Salmon v. LeFrancois

7 Mass. L. Rptr. 92
CourtMassachusetts Superior Court
DecidedMay 15, 1997
DocketNo. 942675C
StatusPublished

This text of 7 Mass. L. Rptr. 92 (Salmon v. LeFrancois) is published on Counsel Stack Legal Research, covering Massachusetts Superior Court primary law. Counsel Stack provides free access to over 12 million legal documents including statutes, case law, regulations, and constitutions.

Bluebook
Salmon v. LeFrancois, 7 Mass. L. Rptr. 92 (Mass. Ct. App. 1997).

Opinion

Sikora, J.

BACKGROUND

By an original Superior Court complaint of December 1, 1994, the plaintiff Dennis Salmon alleged that, on December 4, 1991, he had properly stopped his car at a railroad crossing in the City of Worcester; that three boxcars from a train operated by the Providence and Worcester Railroad had come loose and collided with his automobile; and that he had suffered serious personal injuries. He alleged two causes of action: one for negligent operation of a locomotive by the individual defendant Richard LeFrancois; and one for negligence (apparently by reason of respondeat superior) against Providence and Worcester Railway (“P&W”) as the employer of LeFrancois and the operator of the train.

On or about February 6, 1996, by response to interrogatories provided by Salmon, both P&W and LeFrancois alleged (answer 17):

The owner of the subject boxcars, Illinois Central Railroad, was negligent in its maintenance and repair of the defective handbrake on the lead boxcar. Such negligence, it is contended, was the sole proximate cause of the accident which is the subject of the plaintiffs Complaint.

At the same time P&W produced to the plaintiff an investigative report which it had commissioned shortly after the accident.
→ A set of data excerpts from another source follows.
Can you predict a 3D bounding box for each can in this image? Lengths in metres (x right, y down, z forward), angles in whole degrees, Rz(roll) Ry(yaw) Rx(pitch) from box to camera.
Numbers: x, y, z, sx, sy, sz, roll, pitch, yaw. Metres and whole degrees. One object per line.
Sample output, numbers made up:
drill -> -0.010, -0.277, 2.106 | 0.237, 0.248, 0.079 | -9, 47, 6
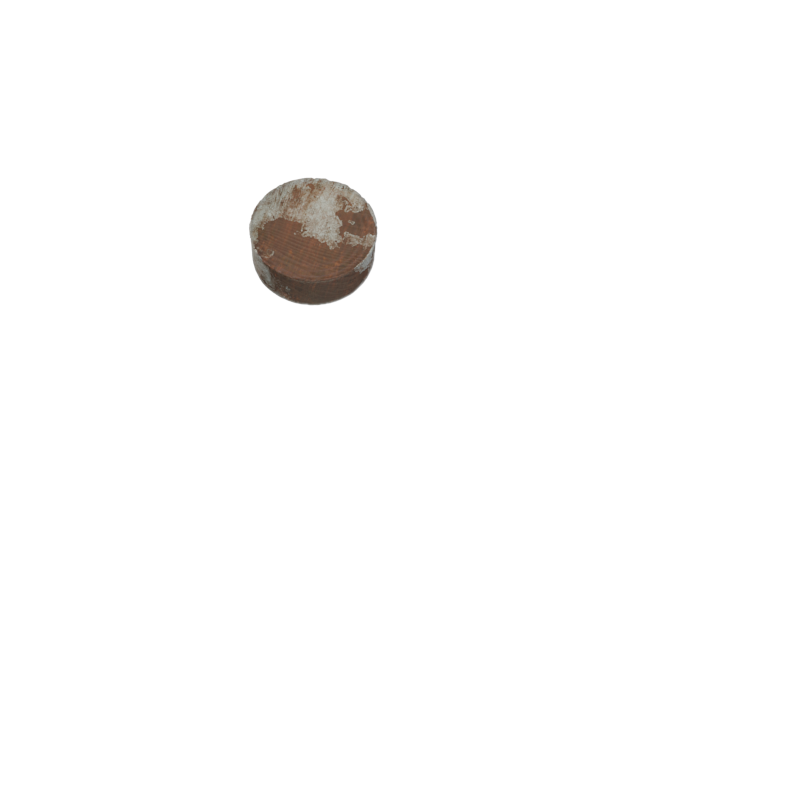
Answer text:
can -> -0.059, -0.107, 0.753 | 0.086, 0.092, 0.031 | -1, -33, -1
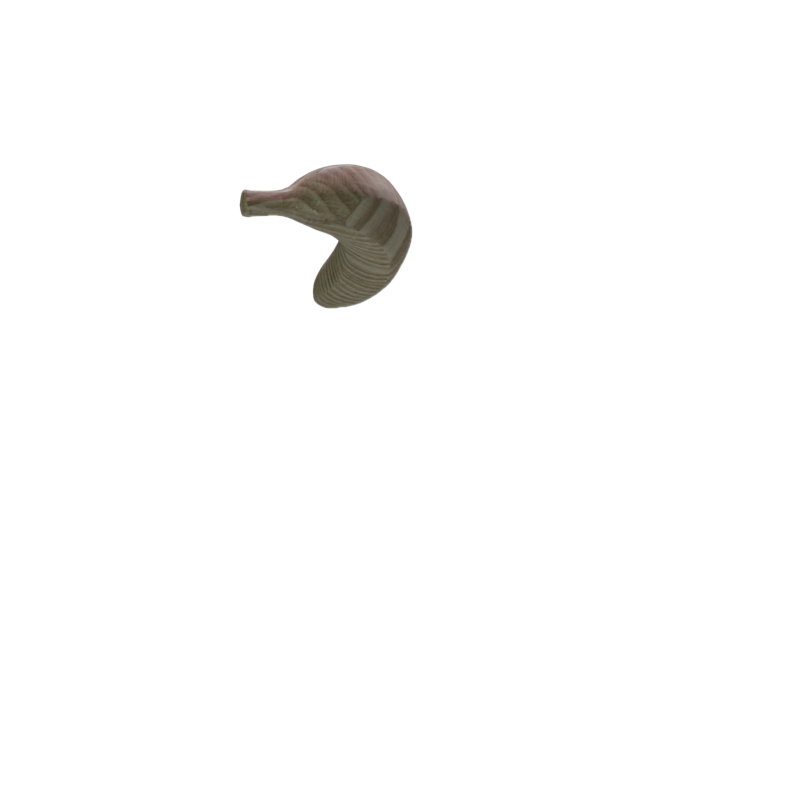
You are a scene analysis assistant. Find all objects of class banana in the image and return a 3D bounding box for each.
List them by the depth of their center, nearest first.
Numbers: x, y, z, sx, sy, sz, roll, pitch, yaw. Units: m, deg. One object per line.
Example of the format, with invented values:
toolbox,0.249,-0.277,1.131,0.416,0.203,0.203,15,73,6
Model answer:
banana,-0.028,-0.084,0.574,0.070,0.038,0.189,-2,-10,7
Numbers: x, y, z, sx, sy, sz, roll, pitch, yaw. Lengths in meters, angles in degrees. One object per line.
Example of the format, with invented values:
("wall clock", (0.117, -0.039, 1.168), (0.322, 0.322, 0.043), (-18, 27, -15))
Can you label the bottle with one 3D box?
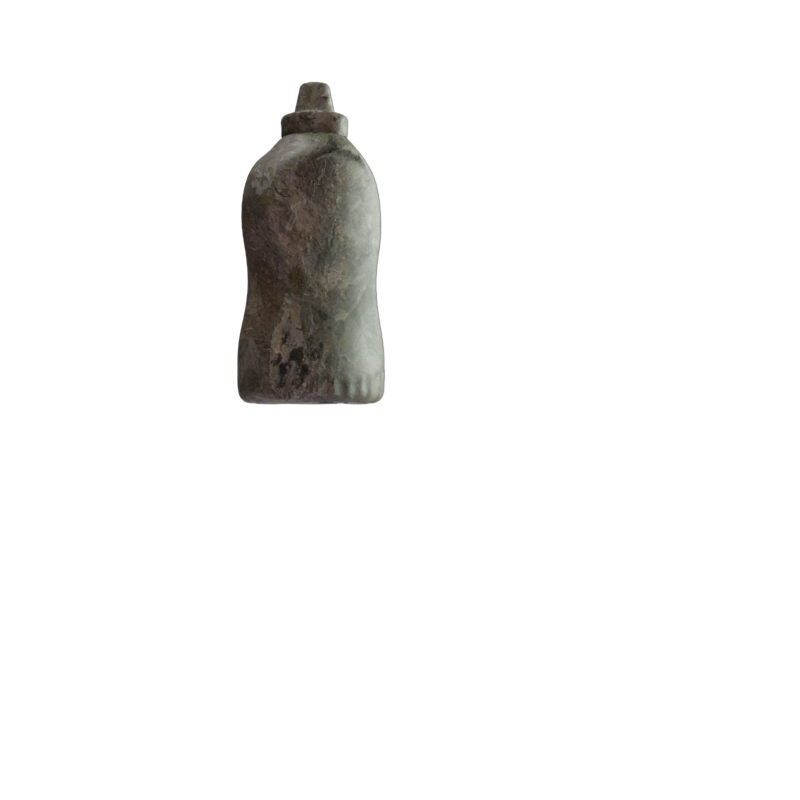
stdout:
("bottle", (-0.051, -0.094, 0.659), (0.092, 0.195, 0.060), (6, -10, -44))
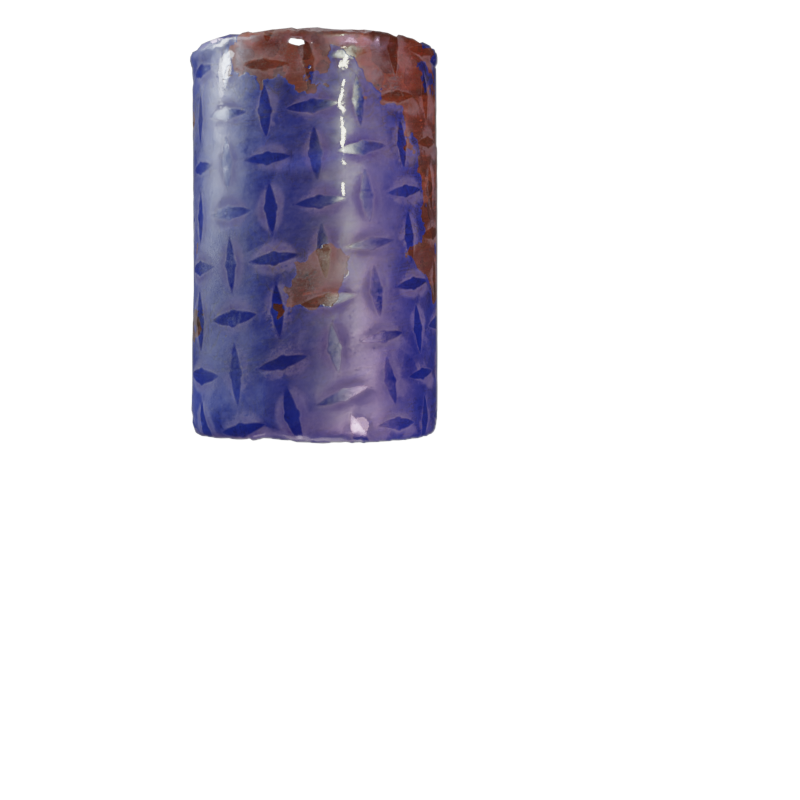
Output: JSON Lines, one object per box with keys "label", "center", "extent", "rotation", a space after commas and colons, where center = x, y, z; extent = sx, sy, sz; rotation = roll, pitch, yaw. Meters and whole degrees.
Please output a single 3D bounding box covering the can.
{"label": "can", "center": [-0.024, -0.043, 0.302], "extent": [0.068, 0.103, 0.068], "rotation": [0, -1, -2]}
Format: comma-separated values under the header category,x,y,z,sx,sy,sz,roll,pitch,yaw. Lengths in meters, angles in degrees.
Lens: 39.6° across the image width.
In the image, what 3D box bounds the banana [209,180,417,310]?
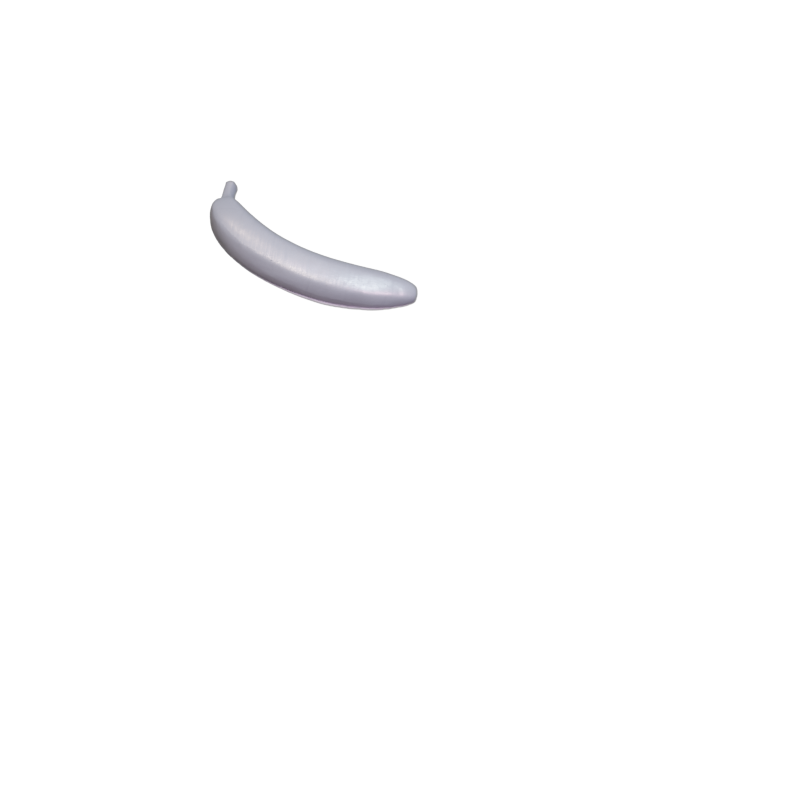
category,x,y,z,sx,sy,sz,roll,pitch,yaw
banana,-0.083,-0.115,0.871,0.208,0.071,0.034,33,-30,22
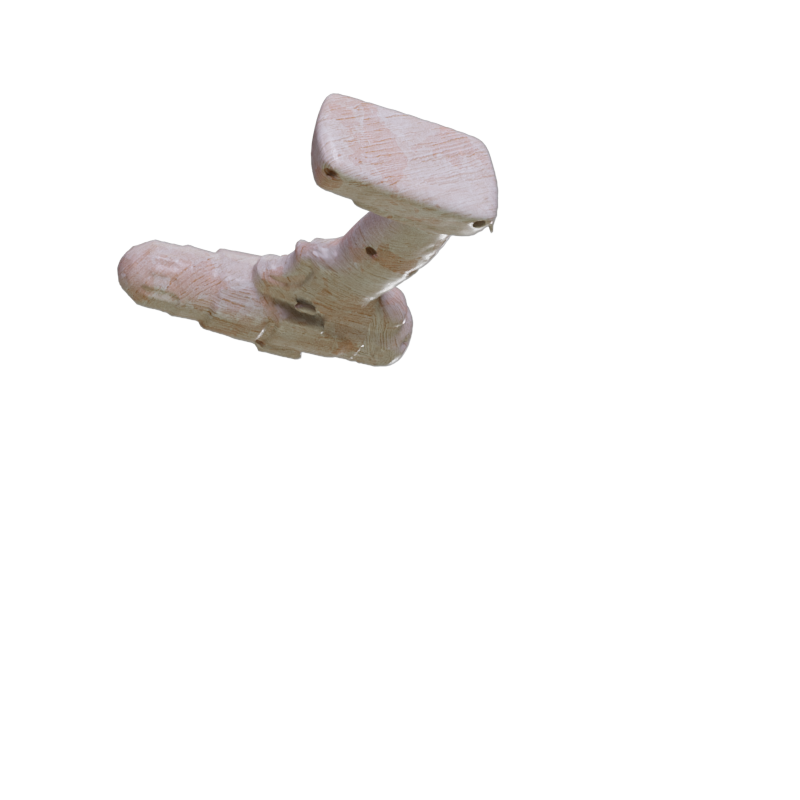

The eight-page report dated January 6, 1992, concluded (1) that the hand brake apparatus of the lead boxcar had been defective by reason of the “excessive length” of its linkage component; (2) that the defect had prevented the brake from halting the slide of the three boxcars down a grade and into the automobile; (3) that the defect was not discoverable by the usual inspection conducted by trainmen of railroads receiving interchanged boxcars owned by other railroads; that the detection of the defect lay “well beyond” the inspection performance required of the receiving railroad company (P&W); and (4) that the latent defect had proximately caused the accident.

In response to the information, Salmon on August 20, 1996, moved to amend his original complaint so as to add a third claim naming the Illinois Central Railroad (“ICR") as the owner of the three boxcars and charging it as a co-defendant with negligent failure to inspect, repair, and maintain the boxcars.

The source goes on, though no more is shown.